Immunohistochemistry
Expression of vascular endothelial growth factor receptor 2 (VEGF-R2) and CD31 in chondrocytes were also evaluated by immunohistochemistry; nuclei were indicated by Hoechst staining. VEGF-R2 and CD31 protein levels were assessed to determine damage to cartilage and vascular structures. Immunohistochemistry analysis showed that VEGFR-2 and CD31 signals were scattered in cartilage tissue. The expression of CD31 in the normal mouse (control group) was lower than in the drug-induced group at week 7 ( Figure 6 ). VEGFR-2 protein expression is different in control mice compared to drug-induced mice ( Figure 7 ).
Discussion
A decrease in chondrocyte numbers may be the result of injury, induced by mechanical damage or steroid drug use Chen et al., 2001. Cartilage injury leads to apoptosis or necrosis and can contribute to changes in tissue structure. MPS and LPS have been demonstrated to induce change in cartilage structure. Many glycosaminoglycans attach to proteoglycans Esko JD et al., 2009, which are secreted into the cartilage matrix by chondrocytes. The interaction between chondrocytes and cartilage matrix play an important role in proliferation and cartilage remodeling.
MPS causes a reduction in size of aggrecans or aggregate proteoglycan in the cartilage matrix. This leads to the loss of glycosaminoglycans Todhunter et al., 1996. LPS activates TLR-4, a receptor for LPS which has been identified in chondrocytes. Upon LPS-induced TLR-4 activation, enhanced phosphorylation of p38 MAPK can occur; some studies have shown that activation of p38 MAPK leads to decrease of GAG synthesis in chondrocytes in vitro. In addition, enhanced regulation of IL-1β, controlled by p38 MAPK, inhibits the production of cartilage matrix Azuma et al., 2000and consequently to the loss of matrix structure.
Moreover, Nakazawa et al. showed that apoptosis increases in corticosteroid-induced chondrocytes Nakazawa et al., 2002. The membrane of chondrocytes partly expresses Fas antigen therefore stimulation of Fas receptor can induce apoptosis of chondrocytes Lotz et al., 1999.As a result, chondrocytes disappear and fibrochondrocytes develop in drug-treated cartilage.

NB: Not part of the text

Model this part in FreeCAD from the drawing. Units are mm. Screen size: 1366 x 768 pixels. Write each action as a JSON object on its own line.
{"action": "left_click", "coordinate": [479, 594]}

Collagen is distributed in almost all connective tissue. Type I collagen is the major protein in bone and occupies approximately 80% of the total proteins present in bone Wu and Eyre, 1995. Collagen has mechanical functions and plays a substantial role in its toughness. Bone collagen abnormalities can lead to bone erosion Viguet-Carrin et al., 2006. LPS and MPS have been reported to inhibit collagen and non-collagen protein synthesis in bone matrix Larjava et al., 1987Millar et al., 1986. Moreover, researchers have shown that MPS inhibits synthesis of Wnt; since Wnt-mediated signals are involved in bone formation and resorption Kobayashi et al., 2008, the inhibition of Wnt can lead to decreased bone formation [24]. Bone erosion may be also caused by negative regulation of Fas expression, which extends the life span of osteoclasts Wu et al., 2003.

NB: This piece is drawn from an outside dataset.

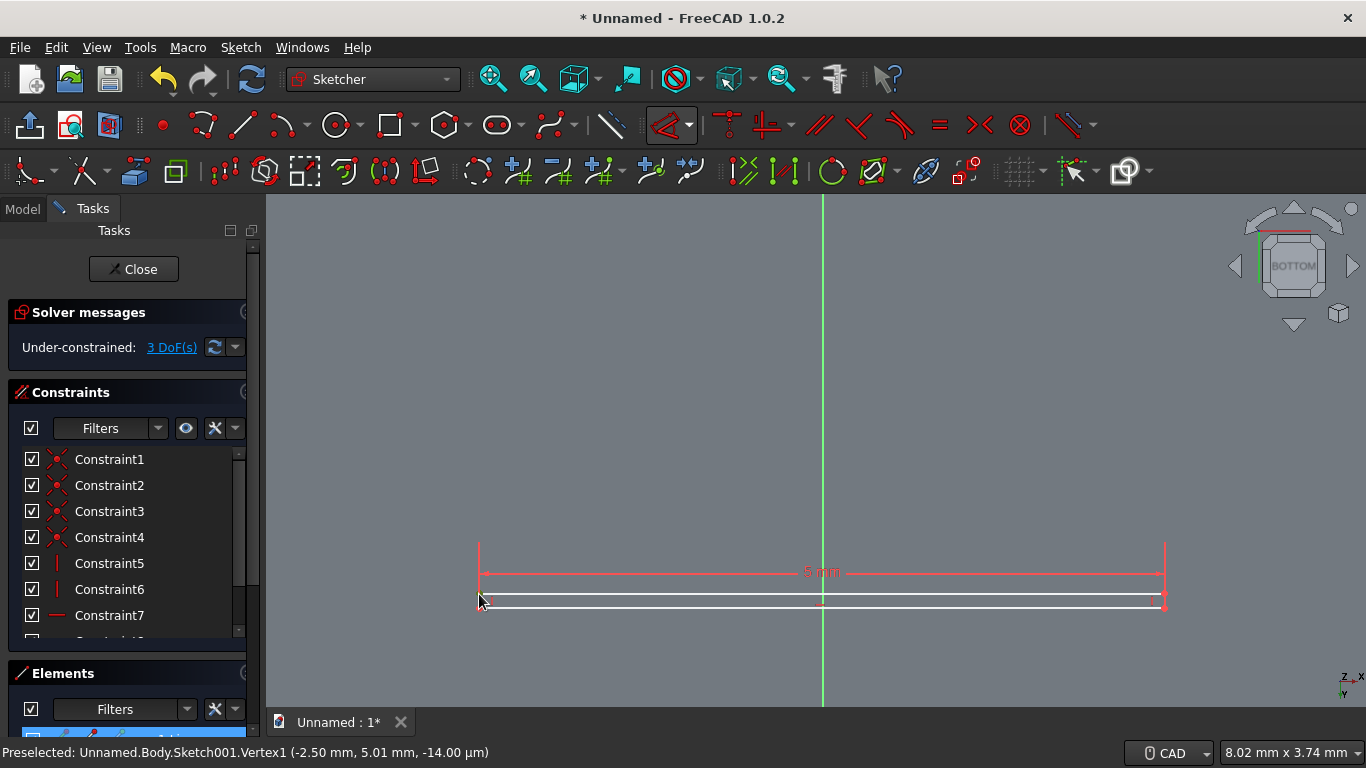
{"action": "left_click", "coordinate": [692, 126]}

LPS and MPS impact the immune system as well as proliferation of bone cells. The bone marrow cell populations include many different types, such as stem cells, adipocytes, progenitor endothelial cells and immune cells. LPS and MPS can cause apoptosis in bone marrow-derived cells, particularly immune cells. LPS induces macrophage apoptosis through two mechanisms: secretion of TNF-α (early apoptosis) and production of nitric oxide (late apoptosis) Azuma et al., 2000. Through the Fas signaling pathway, MPS promotes apoptosis of bone cells Zalavras et al., 2003a. Glucocorticoids also rapidly induce apoptosis of T cells, B cells, neutrophils and eosinophils McManus, 2003Walsh, 2000. In this study, apoptosis was clearly induced in these cells after MPS and LPS administration.

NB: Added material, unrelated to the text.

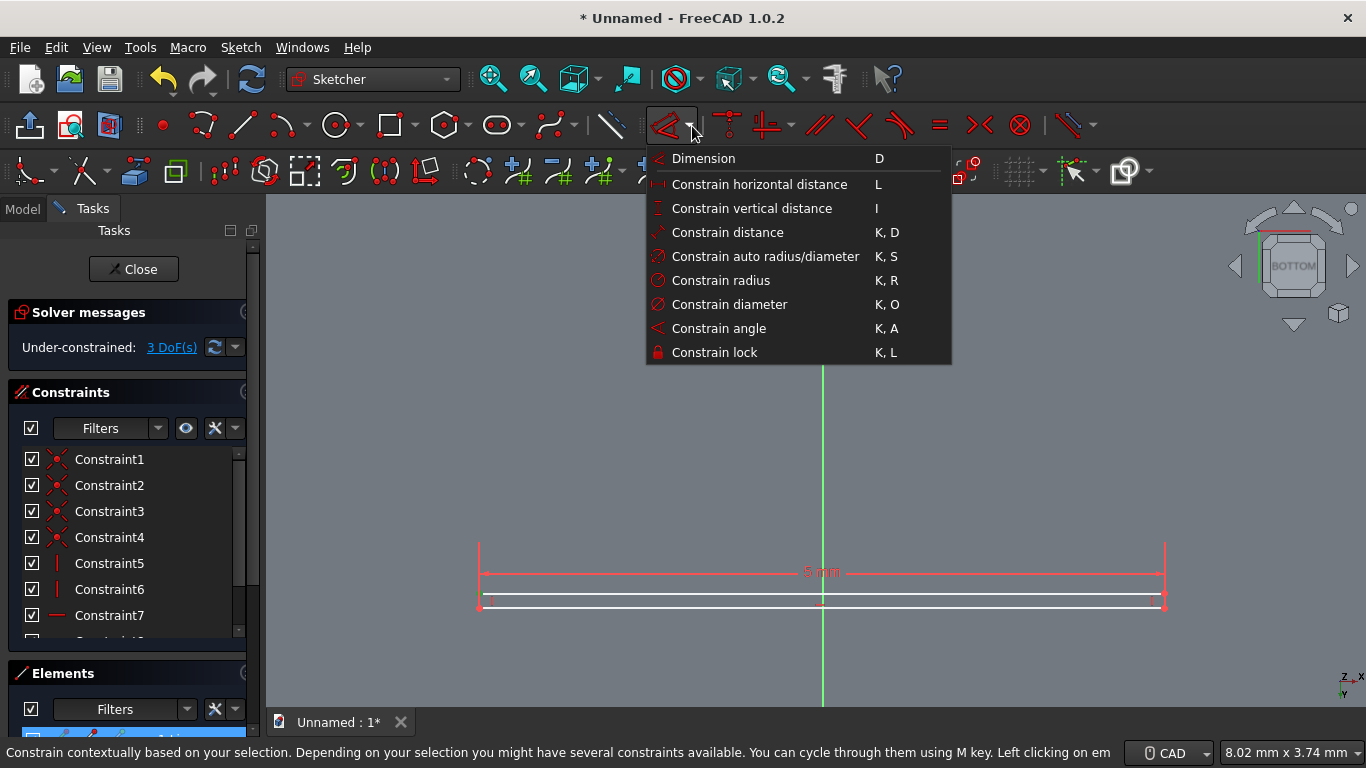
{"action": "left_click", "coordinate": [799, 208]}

Corticosteroids have been reported to stimulate osteoclast formation and lacunar resorption Hirayama et al.,2002. LPS and MPS stimulate immune cells to produce many different types of cytokines which affect osteoclasts Stamatos et al., 2010. There are three cytokine groups: (i) cytokines which activate osteoclasts Shaarawy et al., 2003, (ii) cytokines which inhibit osteoclast activity van't Hof and Ralston, 1997, and (iii) cytokines which have dual action on osteoclasts Zupan et al., 2013. Some cytokines, such as IL1, TNF-α, prostaglandin E2, G-CSF and RANK-L, induce the differentiation and activity of osteoclasts Azuma et al.,2000Sato and Takayanagi, 2006. In contrast, cytokines like interleukin-4, gamma-interferon and transforming factor-beta inhibit both osteoclast formation and osteoclast activity Roodman, 1993. LPS binds to osteoblasts in bone through CD14 receptor and stimulates them to produce cytokines and eicosanoids, thereby activating osteoclasts Itoh et al., 2003. Osteoclasts are formed by the fusion of many cells derived from blood, such as mature monocytes and macrophagesUdagawa et al., 1990.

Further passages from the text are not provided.